§ Your assignment
Read the records below and report each line in which "with" occurs.

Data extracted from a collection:
*-*-*
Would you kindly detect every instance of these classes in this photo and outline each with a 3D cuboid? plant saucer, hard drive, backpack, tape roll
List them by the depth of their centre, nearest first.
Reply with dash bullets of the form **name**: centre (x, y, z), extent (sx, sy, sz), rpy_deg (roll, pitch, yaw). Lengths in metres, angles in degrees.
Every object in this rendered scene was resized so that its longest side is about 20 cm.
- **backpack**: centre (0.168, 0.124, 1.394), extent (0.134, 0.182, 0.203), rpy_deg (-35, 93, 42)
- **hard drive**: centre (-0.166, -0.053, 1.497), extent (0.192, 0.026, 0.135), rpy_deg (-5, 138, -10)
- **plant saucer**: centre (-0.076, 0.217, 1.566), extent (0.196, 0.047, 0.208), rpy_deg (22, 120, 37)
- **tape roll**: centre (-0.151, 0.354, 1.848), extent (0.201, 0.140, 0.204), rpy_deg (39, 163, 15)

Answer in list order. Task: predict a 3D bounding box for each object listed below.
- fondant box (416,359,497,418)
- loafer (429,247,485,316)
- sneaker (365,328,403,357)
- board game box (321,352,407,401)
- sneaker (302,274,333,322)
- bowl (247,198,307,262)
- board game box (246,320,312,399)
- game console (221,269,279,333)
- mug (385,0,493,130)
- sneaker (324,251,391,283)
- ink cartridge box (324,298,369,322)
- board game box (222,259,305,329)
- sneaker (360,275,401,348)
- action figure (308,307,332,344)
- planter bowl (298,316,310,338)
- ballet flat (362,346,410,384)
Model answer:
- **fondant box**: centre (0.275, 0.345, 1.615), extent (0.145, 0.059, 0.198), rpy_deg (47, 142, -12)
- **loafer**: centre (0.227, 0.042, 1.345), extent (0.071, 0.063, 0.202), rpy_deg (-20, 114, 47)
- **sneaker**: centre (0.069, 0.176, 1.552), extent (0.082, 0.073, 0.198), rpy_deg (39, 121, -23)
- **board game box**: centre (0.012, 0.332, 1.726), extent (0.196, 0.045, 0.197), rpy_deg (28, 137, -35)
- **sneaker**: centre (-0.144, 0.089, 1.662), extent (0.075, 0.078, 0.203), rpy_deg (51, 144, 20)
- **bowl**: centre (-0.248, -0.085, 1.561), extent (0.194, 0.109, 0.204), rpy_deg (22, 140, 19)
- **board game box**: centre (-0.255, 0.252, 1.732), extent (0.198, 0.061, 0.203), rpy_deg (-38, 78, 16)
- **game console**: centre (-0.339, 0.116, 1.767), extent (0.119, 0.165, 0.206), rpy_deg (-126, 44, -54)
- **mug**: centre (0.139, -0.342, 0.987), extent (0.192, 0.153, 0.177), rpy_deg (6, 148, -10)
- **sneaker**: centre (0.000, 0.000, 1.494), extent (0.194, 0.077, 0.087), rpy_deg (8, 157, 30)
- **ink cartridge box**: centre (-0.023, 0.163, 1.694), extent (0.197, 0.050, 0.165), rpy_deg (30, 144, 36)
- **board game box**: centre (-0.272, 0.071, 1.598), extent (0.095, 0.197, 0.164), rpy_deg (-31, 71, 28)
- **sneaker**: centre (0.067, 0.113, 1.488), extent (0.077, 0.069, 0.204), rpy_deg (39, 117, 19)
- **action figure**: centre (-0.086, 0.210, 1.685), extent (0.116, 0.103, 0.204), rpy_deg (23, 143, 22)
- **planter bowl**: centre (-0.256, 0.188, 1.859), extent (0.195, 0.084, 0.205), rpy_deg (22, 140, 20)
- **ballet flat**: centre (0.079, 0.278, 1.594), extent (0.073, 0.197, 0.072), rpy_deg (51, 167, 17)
*-*-*
§ Task output
Would you kindly detect every instance of these classes in this photo and outline each with a 3D cuboid? plant saucer, hard drive, backpack, tape roll
Reply with dash bullets of the form **name**: centre (x, y, z), extent (sx, sy, sz), rpy_deg (roll, pitch, yaw). Lengths in metres, angles in degrees.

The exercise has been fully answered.